L’arrivée à Hispaniola ne correspond en rien à une émergence du futur conquistador perdu dans le nombre des aventuriers du Nouveau Monde. Il n’est d’abord qu’un simple soldat dans la troupe d’Ojeda à la découverte du Darién en 1509, mais il est le lieutenant de Vasco Núñez de Balboa lorsque celui-ci traverse avec peine l’isthme et invente l’Océan Pacifique – baptisé pour l’heure Mer du Sud – en 1513. C’est là qu’il peut commencer à réunir l’argent qui lui permet en 1524 de monter une compagnie pour la conquête du Levant avec Hernando de Luque et surtout Diego de Almagro. Il lui faudra encore près de dix ans et deux expéditions préliminaires avant de se lancer véritablement dans la conquête du Pérou en 1531, assisté de ses demi-frères ramenés d’Espagne en 1528-1529 à la faveur d’un voyage dont le but était d’obtenir les fameuses capitulaciones, sortes de brevets royaux autorisant leurs titulaires à conquérir et diriger au nom du souverain. Il a alors cinquante-trois ans.

Commence la conquête de ce qui se révèle être un vaste empire, dont Bernard Lavallé reconstitue l’épopée sanglante et glorieuse qui mène Francisco Pizarro jusqu’au sommet. L’homme, s’il est taciturne, ne manque ni de courage, ni de détermination et encore moins de ruse pas plus qu’il ne s’embarrasse de vergogne : l’épisode de la capture de l’Inca Atahualpa à Cajamarca en novembre 1532 illustre parfaitement ses caractéristiques.

Pourtant, ce n’est pas tant la rencontre entre deux mondes, ni même les vicissitudes de la conquête, que Bernard Lavallé s’attache à souligner mais les rivalités entre les conquistadors. En plus d’être l’affaire de la fratrie Pizarro, l’aventure péruvienne est le fait de nombreuses individualités avec lesquelles il dut compter. Si Hernando de Soto, premier à rencontrer l’Inca, comprend qu’il ne pourra sans mal se tailler un territoire à l’image de Cortès et choisit de reporter ses projets sous des cieux plus septentrionaux, Diego de Almagro, l’associé de Pizarro lésé dans les capitulaciones, ne l’entend pas ainsi. Dans la confrontation avec les frères Pizarro, qui tourne à la guerre civile, il y perd la liberté lors de la bataille des Salines en avril 1538, puis la vie, exécuté pour atteinte à l’autorité royale, ce dont ses partisans tirent vengeance en assassinant Francisco Pizarro le 26 juin 1541.

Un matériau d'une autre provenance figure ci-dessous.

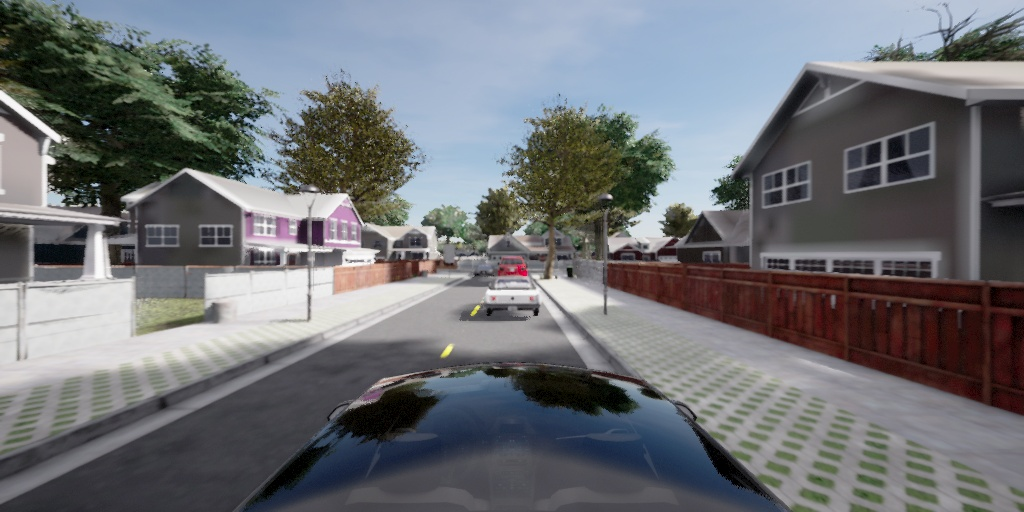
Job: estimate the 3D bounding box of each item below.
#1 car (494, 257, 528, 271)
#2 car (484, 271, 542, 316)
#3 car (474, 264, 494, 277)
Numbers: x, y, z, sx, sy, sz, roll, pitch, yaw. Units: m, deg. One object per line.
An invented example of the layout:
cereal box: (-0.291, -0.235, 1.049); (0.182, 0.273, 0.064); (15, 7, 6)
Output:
car: (0.040, 1.094, 28.012); (2.150, 2.045, 5.566); (0, 0, 0)
car: (0.042, 1.410, 13.722); (1.895, 1.301, 4.718); (0, 0, 1)
car: (-2.783, 1.478, 37.290); (1.994, 1.385, 4.181); (0, 0, 1)
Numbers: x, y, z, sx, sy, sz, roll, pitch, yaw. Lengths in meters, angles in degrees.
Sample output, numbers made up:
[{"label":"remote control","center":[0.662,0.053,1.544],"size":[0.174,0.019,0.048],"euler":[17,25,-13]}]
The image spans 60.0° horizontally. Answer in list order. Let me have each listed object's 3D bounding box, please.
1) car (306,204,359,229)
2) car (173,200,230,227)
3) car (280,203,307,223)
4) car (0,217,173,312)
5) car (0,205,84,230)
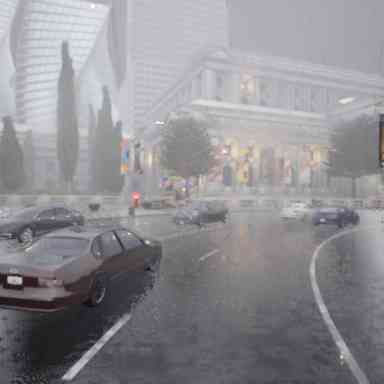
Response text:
[{"label":"car","center":[9.754,1.627,22.520],"size":[1.812,1.442,4.674],"euler":[0,0,43]},{"label":"car","center":[0.682,1.343,22.635],"size":[2.097,1.767,4.553],"euler":[1,0,37]},{"label":"car","center":[8.797,1.612,26.409],"size":[4.674,1.442,1.812],"euler":[1,0,-44]},{"label":"car","center":[-2.320,1.513,7.939],"size":[2.033,1.411,5.357],"euler":[1,0,14]},{"label":"car","center":[-7.153,1.407,15.583],"size":[1.837,1.490,4.892],"euler":[0,0,23]}]
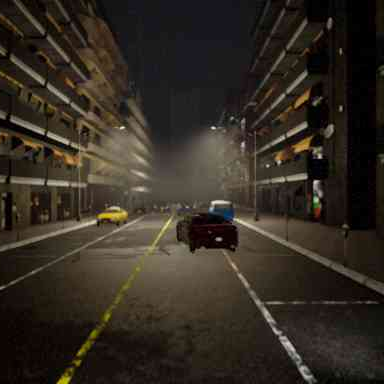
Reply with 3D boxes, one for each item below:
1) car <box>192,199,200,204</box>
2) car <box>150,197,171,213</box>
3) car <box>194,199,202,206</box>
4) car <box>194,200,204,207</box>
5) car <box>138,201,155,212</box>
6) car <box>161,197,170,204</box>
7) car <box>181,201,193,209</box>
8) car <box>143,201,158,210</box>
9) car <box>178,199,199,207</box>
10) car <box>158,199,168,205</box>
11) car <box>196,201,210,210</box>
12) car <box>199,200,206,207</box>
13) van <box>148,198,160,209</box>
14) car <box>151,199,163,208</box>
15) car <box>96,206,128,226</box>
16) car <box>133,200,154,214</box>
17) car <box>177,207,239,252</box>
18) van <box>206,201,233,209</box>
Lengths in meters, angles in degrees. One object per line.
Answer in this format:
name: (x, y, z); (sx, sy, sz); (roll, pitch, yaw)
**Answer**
car: (1.119, 2.572, 92.364); (1.887, 1.381, 4.507); (-1, -1, -1)
car: (-3.814, 1.827, 43.205); (2.097, 1.767, 4.553); (0, -1, -1)
car: (1.399, 2.365, 75.968); (1.752, 1.417, 4.829); (-1, -1, -1)
car: (1.496, 2.325, 70.275); (2.008, 1.369, 4.403); (-1, -1, -1)
car: (-6.505, 2.075, 48.056); (1.887, 1.381, 4.507); (-1, -1, -1)
car: (-7.264, 2.346, 92.236); (2.192, 1.841, 5.009); (-1, -1, -1)
car: (-0.852, 2.185, 56.542); (1.994, 1.385, 4.181); (0, -1, -1)
car: (-6.600, 2.137, 53.579); (1.887, 1.381, 4.507); (-1, -1, -1)
car: (-0.562, 1.784, 39.514); (2.097, 1.767, 4.553); (0, -1, -1)
car: (-7.073, 2.470, 81.190); (1.947, 1.339, 4.313); (-1, -1, -1)
car: (1.780, 2.139, 53.708); (2.008, 1.369, 4.403); (-1, -1, -1)
car: (1.874, 2.077, 48.186); (2.008, 1.369, 4.403); (-1, -1, -1)
van: (-6.697, 1.995, 59.103); (1.690, 1.788, 3.998); (-1, -1, -1)
car: (-6.790, 2.156, 64.624); (1.967, 1.590, 4.097); (-1, -1, -1)
car: (-6.125, 1.810, 25.797); (1.752, 1.417, 4.829); (-1, -1, -1)
car: (-6.411, 2.035, 42.533); (1.947, 1.339, 4.313); (-1, -1, -1)
car: (0.513, 1.637, 14.767); (1.882, 1.535, 5.008); (0, -1, -11)
van: (2.250, 1.624, 26.100); (1.690, 1.788, 3.998); (-1, -1, -1)
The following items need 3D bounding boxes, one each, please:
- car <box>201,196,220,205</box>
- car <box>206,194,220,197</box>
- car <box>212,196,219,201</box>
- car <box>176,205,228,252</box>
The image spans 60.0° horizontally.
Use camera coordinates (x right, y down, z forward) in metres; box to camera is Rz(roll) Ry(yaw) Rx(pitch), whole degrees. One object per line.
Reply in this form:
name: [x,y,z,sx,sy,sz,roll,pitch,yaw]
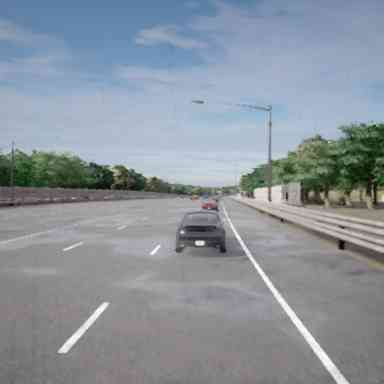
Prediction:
car: [1.992,1.545,37.507,1.812,1.442,4.674,0,0,4]
car: [3.856,1.601,60.204,1.837,1.490,4.892,0,0,5]
car: [6.663,1.823,93.876,2.033,1.411,5.357,0,0,5]
car: [0.411,1.509,13.835,1.837,1.490,4.892,0,0,3]
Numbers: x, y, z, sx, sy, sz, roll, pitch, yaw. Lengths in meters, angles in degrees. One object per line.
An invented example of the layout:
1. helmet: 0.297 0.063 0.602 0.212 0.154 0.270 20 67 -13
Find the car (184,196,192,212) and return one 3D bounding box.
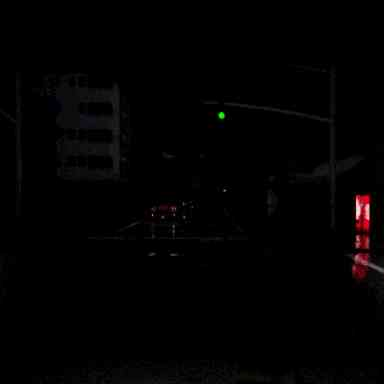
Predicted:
1. car: -1.531 1.310 38.007 2.097 1.767 4.553 0 0 3

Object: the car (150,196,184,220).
1. car: -2.086 1.322 27.380 2.097 1.767 4.553 0 0 3

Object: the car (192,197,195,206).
1. car: -0.625 1.505 53.885 1.837 1.490 4.892 0 0 3
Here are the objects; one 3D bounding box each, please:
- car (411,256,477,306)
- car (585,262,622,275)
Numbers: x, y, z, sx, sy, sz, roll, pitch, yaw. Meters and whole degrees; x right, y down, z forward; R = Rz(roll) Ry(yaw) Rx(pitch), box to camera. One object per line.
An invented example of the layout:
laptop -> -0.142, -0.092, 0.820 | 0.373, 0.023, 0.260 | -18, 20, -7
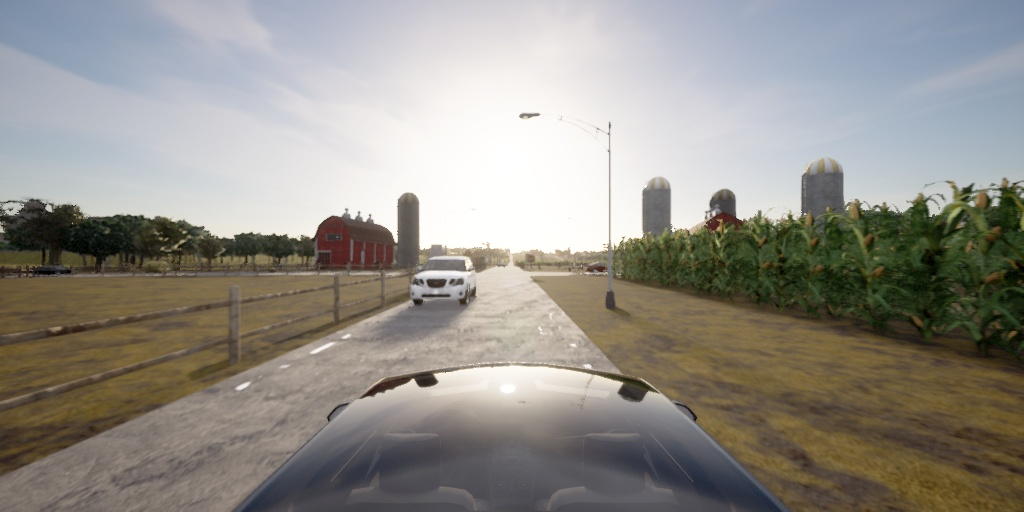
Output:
car -> -2.853, 1.006, 16.192 | 2.150, 2.045, 5.566 | 0, 0, 0
car -> 11.898, 1.494, 45.928 | 5.008, 1.535, 1.882 | 0, 0, 0
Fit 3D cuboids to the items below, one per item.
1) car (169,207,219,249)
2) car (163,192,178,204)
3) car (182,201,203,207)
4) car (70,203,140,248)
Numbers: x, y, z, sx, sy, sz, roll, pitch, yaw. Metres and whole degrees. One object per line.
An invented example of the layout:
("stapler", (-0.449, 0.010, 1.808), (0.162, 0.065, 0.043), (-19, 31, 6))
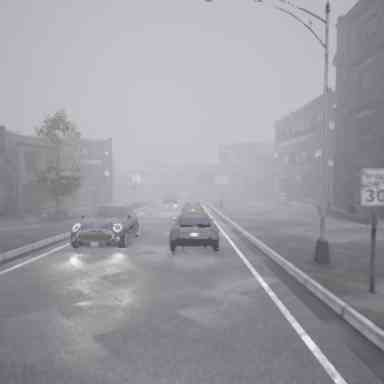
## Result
("car", (0.085, 1.546, 14.362), (1.994, 1.385, 4.181), (0, 0, 0))
("car", (-3.677, 1.013, 57.269), (2.150, 2.045, 5.566), (0, 1, -2))
("car", (0.067, 1.523, 30.715), (1.994, 1.385, 4.181), (0, 0, 0))
("car", (-3.614, 1.335, 14.537), (2.097, 1.767, 4.553), (0, 0, 0))
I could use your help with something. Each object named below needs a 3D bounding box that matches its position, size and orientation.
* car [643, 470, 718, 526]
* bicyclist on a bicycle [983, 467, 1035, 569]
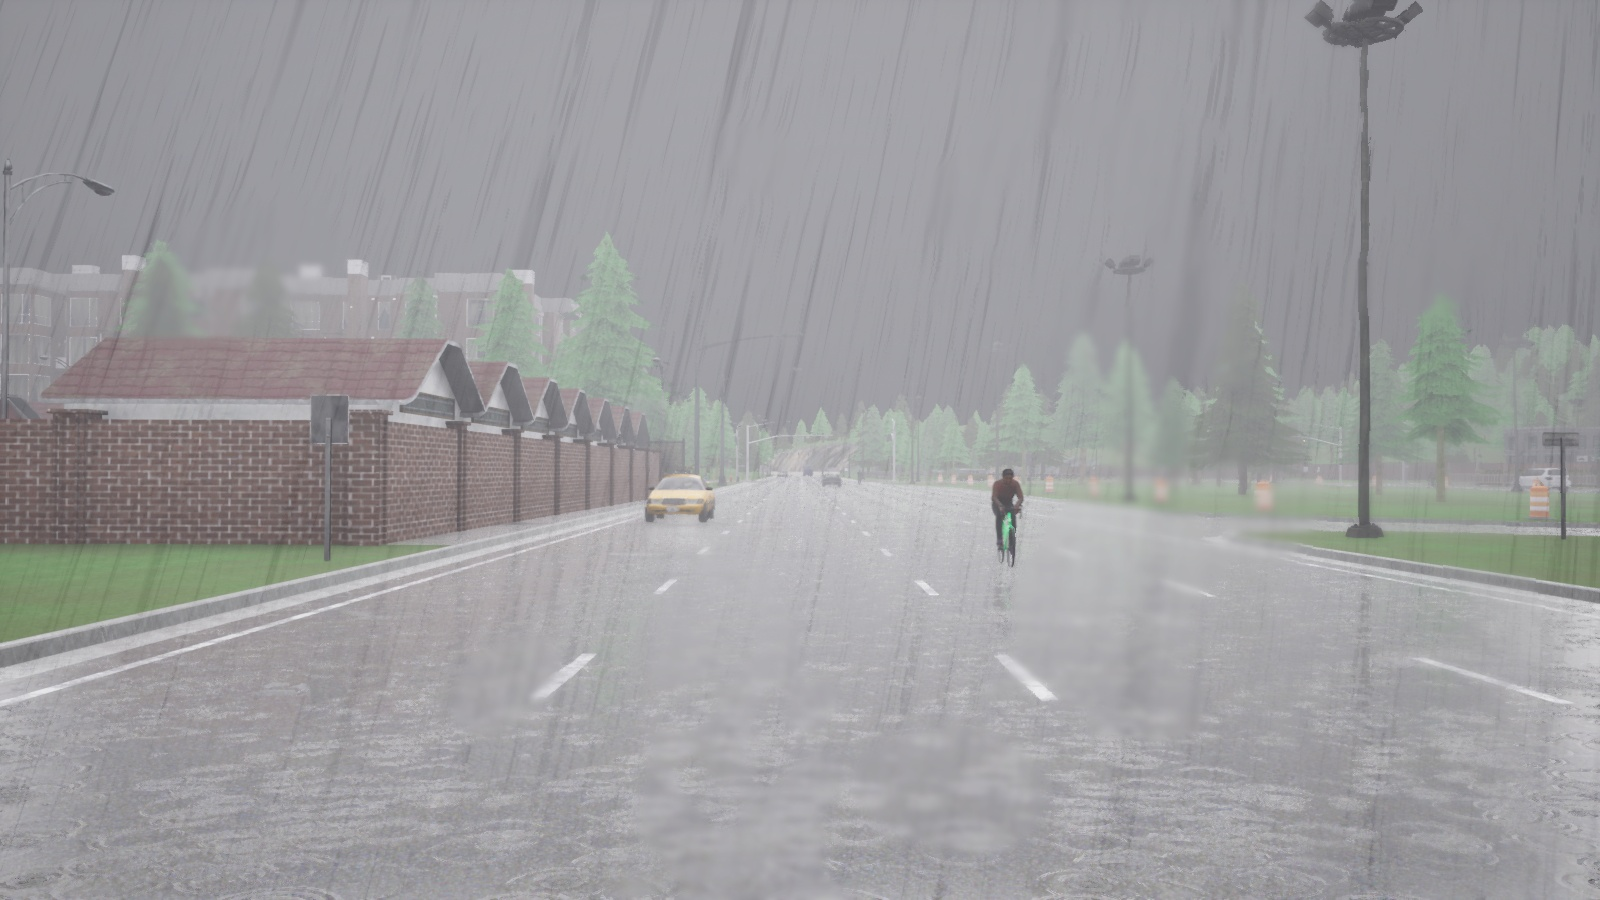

Si «ses longues années américaines (…) sont marquées d’interminables cohortes de morts, surtout indiens» (p.317), le destructeur de l’empire inca apparaît aussi comme un fondateur. En répartissant selon le modèle colonial espagnol les terres et leurs habitants entre les conquérants, il instaure un modèle social et foncier qui n’a pas entièrement disparu aujourd’hui, certains indiens n’ayant toujours aucune existence légale, condamnés à servir dans les haciendas. Parallèlement, la fondation de villes concrétise l’appropriation et achève le tissu administratif espagnol. La route de Pizarro est jalonnée de ces fondations dont les plus fameuses restent Jauja et Lima en 1535. Pour ces raisons, le conquistador est à l’origine de la naissance douloureuse du monde andin moderne et sa biographie apparaît d’autant plus d’actualité.

S’appuyant sur les relations des chroniqueurs du temps ainsi que sur les travaux des historiens hispaniques qu’il confronte avec maîtrise, et sans hésiter à incliner dans le sens de telle ou telle analyse, l’auteur dresse le portrait d’un conquistador de l’extrême, donc quelque peu atypique. Paradoxalement cet atypisme lui permet de faire de Pizarro un archétype du conquistador, montrant toutes les facettes, les réussites et les limites, d’un groupe d’individus dont les hauts faits personnels introduisent une rupture dans l’histoire continentale. Il inscrit le bâtard dans une logique de réseaux en soulignant les relations familiales et les rapports entre les conquistadors ; il insère ainsi le conquérant dans la dynamique politique des relations entre la Couronne et ces mêmes conquistadors.